Show her the money!


Happy International Women’s Day!

In every field, at every level of education, men earn more than women. That’s the grim takeaway of this new report [PDF] from the U.S. Census Bureau, which assesses the value of a higher education in the United States—and illustrates the persistent pay gap between male and female employees who hold comparable degrees. In short, education is valuable, but it’s most lucrative if you’re male.

I have more patience than some others when it comes to stupid attitudes about sexism and feminism. Part of that is simple privilege: I can afford to not take those kinds of attitudes personally; however, some of  my zen is honestly come by. I’ve always called myself a feminist, but my understanding of that term didn’t really mature until I became involved in organized skepticism. I then came to understand feminism as a branch of skepticism – learning to unpack and, in a way, debunk claims about gender roles, sex characteristics, history, and a whole host of others. In fact, the level of overlap between feminism and anti-racism has helped enhance my understanding of both topics.
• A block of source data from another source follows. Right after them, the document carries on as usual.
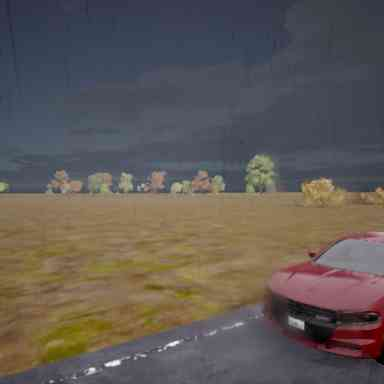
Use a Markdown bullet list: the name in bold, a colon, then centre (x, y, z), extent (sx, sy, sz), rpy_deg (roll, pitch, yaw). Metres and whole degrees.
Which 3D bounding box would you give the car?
- **car**: centre (3.389, 1.495, 5.981), extent (5.008, 1.535, 1.882), rpy_deg (0, 0, -37)
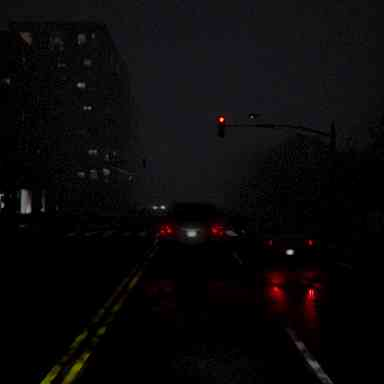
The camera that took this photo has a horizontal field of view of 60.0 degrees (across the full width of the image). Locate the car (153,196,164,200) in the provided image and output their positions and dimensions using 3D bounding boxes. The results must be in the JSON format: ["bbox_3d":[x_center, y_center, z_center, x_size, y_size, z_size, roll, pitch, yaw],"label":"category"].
[{"bbox_3d":[-6.506,1.883,66.940,2.150,2.045,5.566,0,-1,0],"label":"car"}]

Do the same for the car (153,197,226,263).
[{"bbox_3d":[0.012,1.346,12.590,2.150,2.045,5.566,0,0,0],"label":"car"}]

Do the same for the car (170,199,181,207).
[{"bbox_3d":[-3.259,2.217,66.981,1.994,1.385,4.181,0,-1,0],"label":"car"}]

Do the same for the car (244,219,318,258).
[{"bbox_3d":[3.270,1.728,13.256,1.895,1.301,4.718,0,-1,1],"label":"car"}]

I can kind of understand the problem though, and it relates directly to that overlap. I care deeply about anti-racism for, at least in part, fundamentally selfish reasons. While I must always start this statement with the huge caveat that I have managed to escape the worst aspects of racism in my own life, racism still very much affects my day-to-day life. I have, therefore, a vested interest in seeing the world pay more critical attention to race and race issues. Because of this selfish motive, it is easy for me to empathize with women and recognize the multitude of similarities in the problems we face. However, it took me several years to come to this conclusion.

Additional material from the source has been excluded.